▸ The problem: Repeat the listing exactly, line by line, and leave the pictures behind.

▸ Material provided:

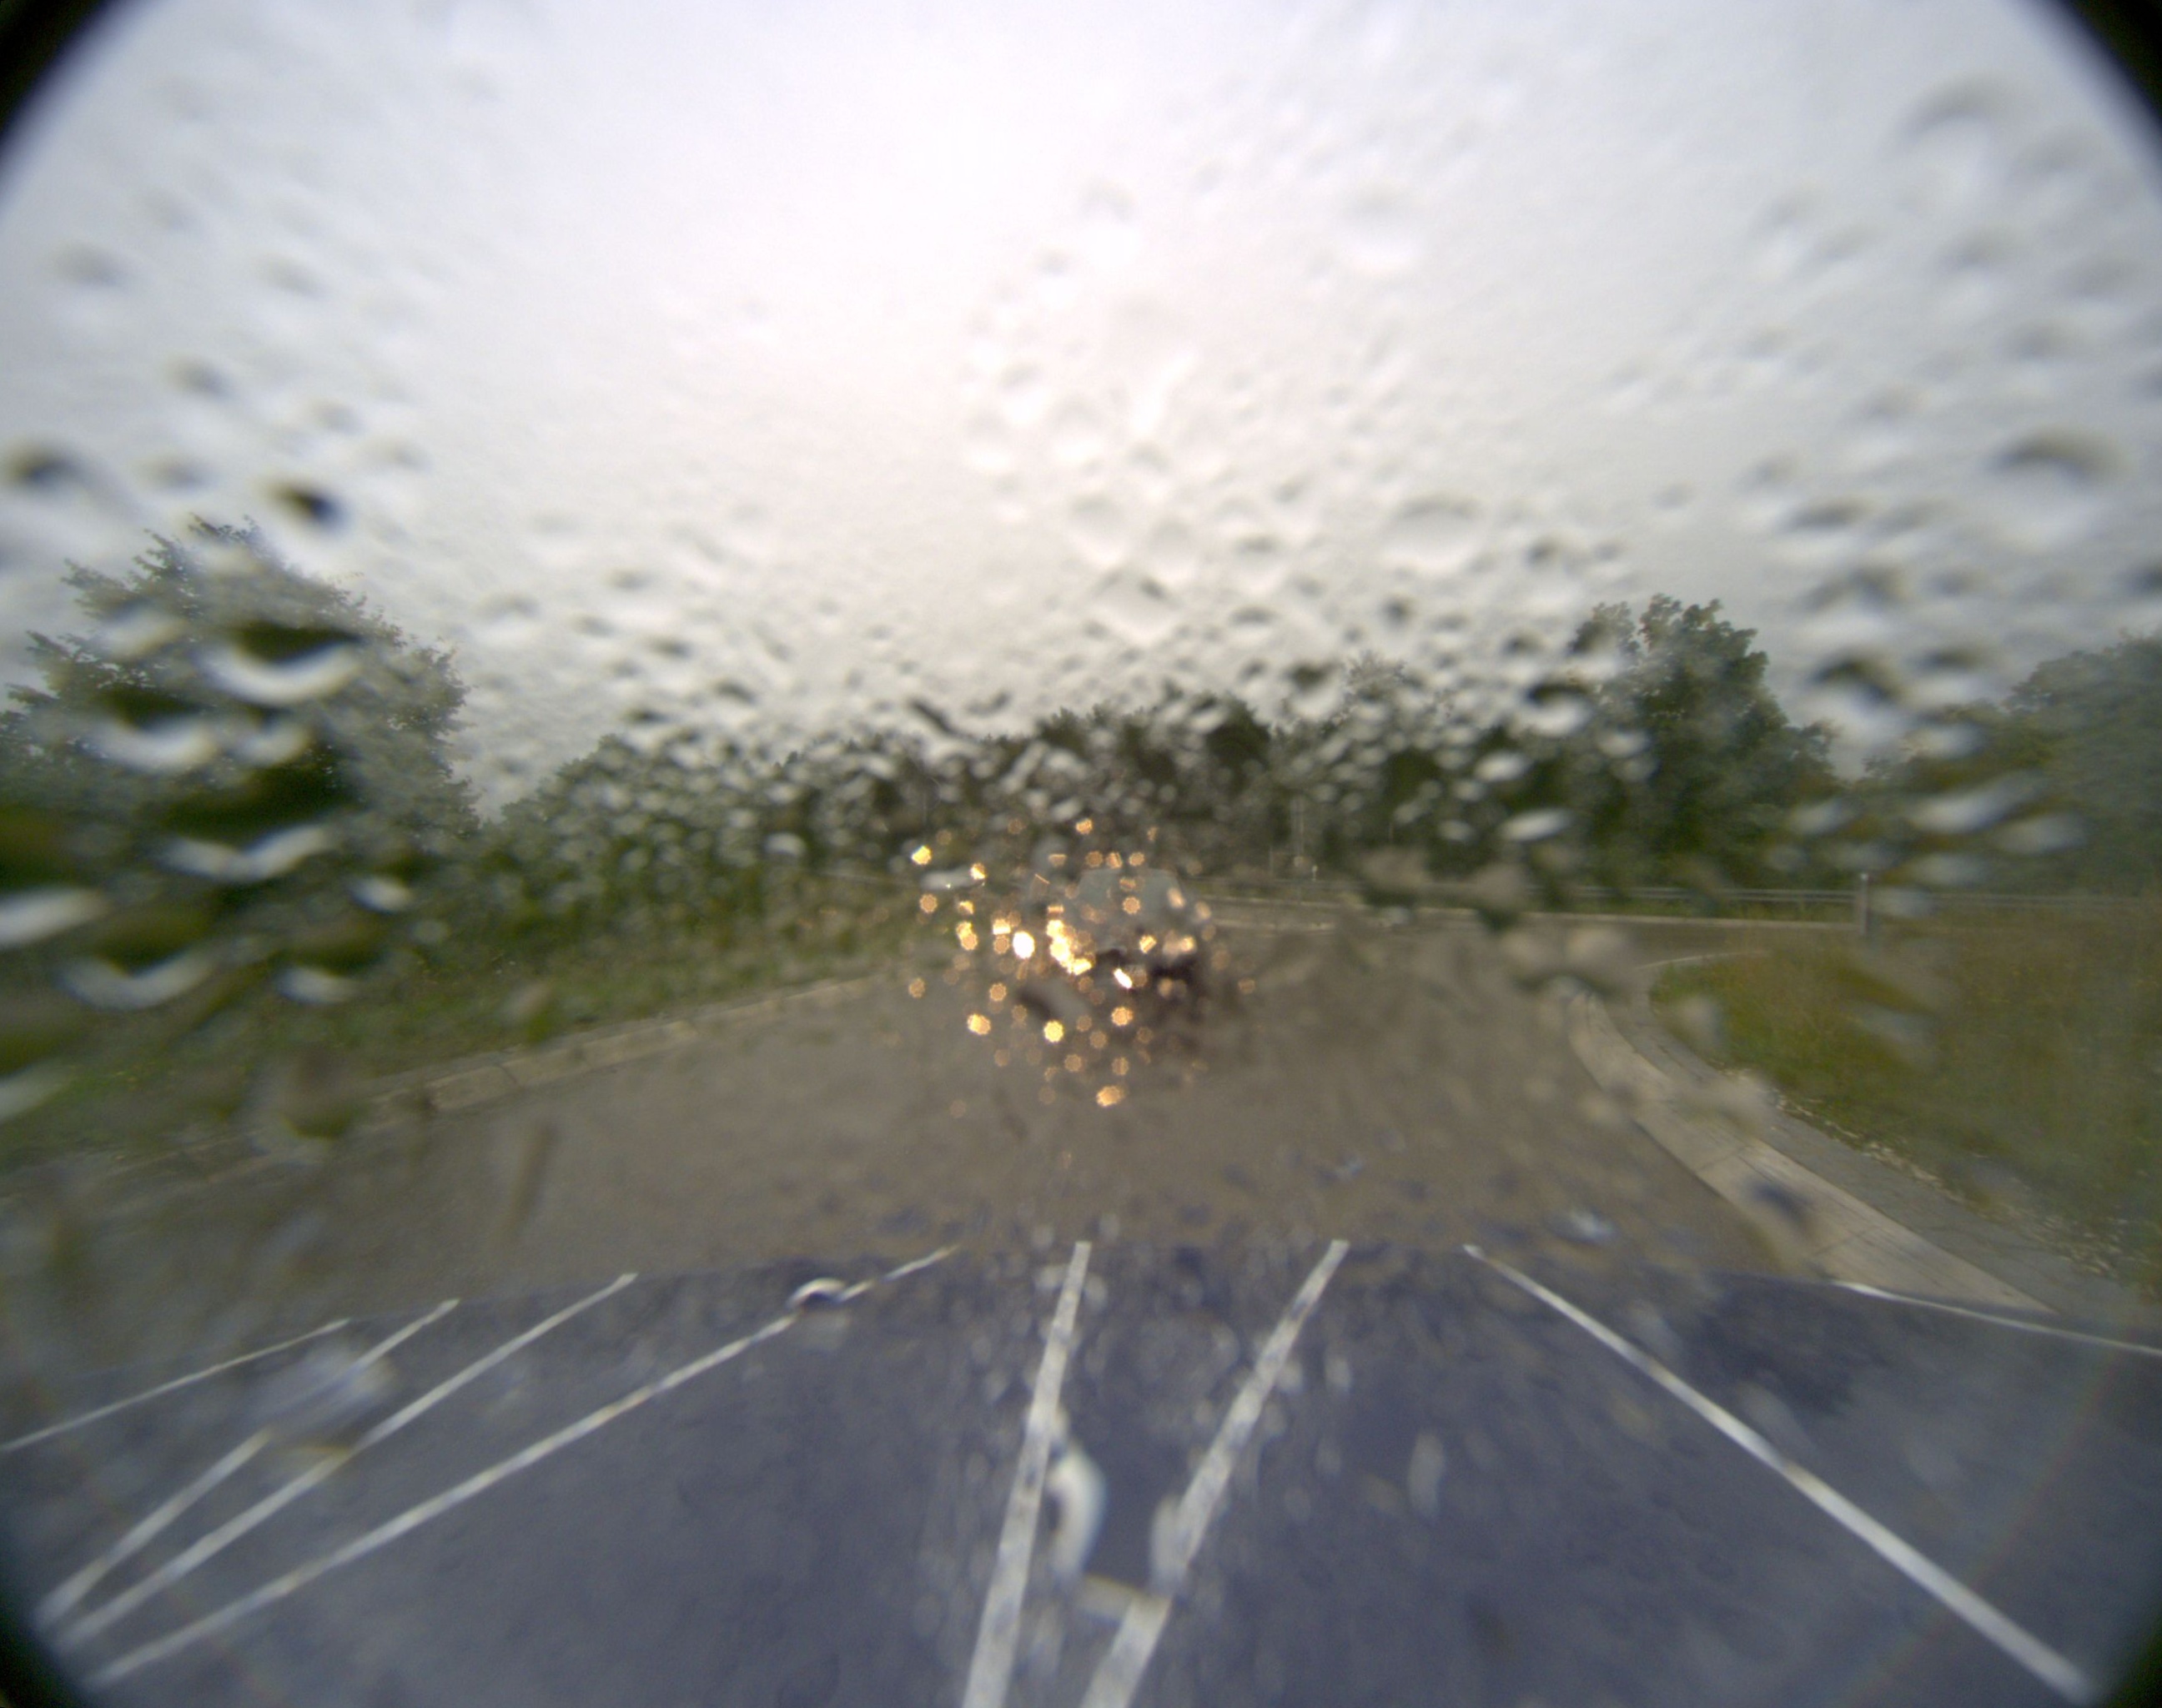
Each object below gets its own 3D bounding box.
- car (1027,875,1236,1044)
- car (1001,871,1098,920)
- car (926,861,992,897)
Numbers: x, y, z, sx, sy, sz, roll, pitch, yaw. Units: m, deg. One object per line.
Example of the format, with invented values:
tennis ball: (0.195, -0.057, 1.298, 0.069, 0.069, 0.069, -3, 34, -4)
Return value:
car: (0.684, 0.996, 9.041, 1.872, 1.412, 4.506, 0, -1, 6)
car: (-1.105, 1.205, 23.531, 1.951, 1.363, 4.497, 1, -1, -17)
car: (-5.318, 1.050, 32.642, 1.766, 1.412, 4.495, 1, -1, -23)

▸ Answer for this exercise:
Each object below gets its own 3D bounding box.
- car (1027,875,1236,1044)
- car (1001,871,1098,920)
- car (926,861,992,897)
Numbers: x, y, z, sx, sy, sz, roll, pitch, yaw. Units: m, deg. One object per line.
Example of the format, with invented values:
tennis ball: (0.195, -0.057, 1.298, 0.069, 0.069, 0.069, -3, 34, -4)
Return value:
car: (0.684, 0.996, 9.041, 1.872, 1.412, 4.506, 0, -1, 6)
car: (-1.105, 1.205, 23.531, 1.951, 1.363, 4.497, 1, -1, -17)
car: (-5.318, 1.050, 32.642, 1.766, 1.412, 4.495, 1, -1, -23)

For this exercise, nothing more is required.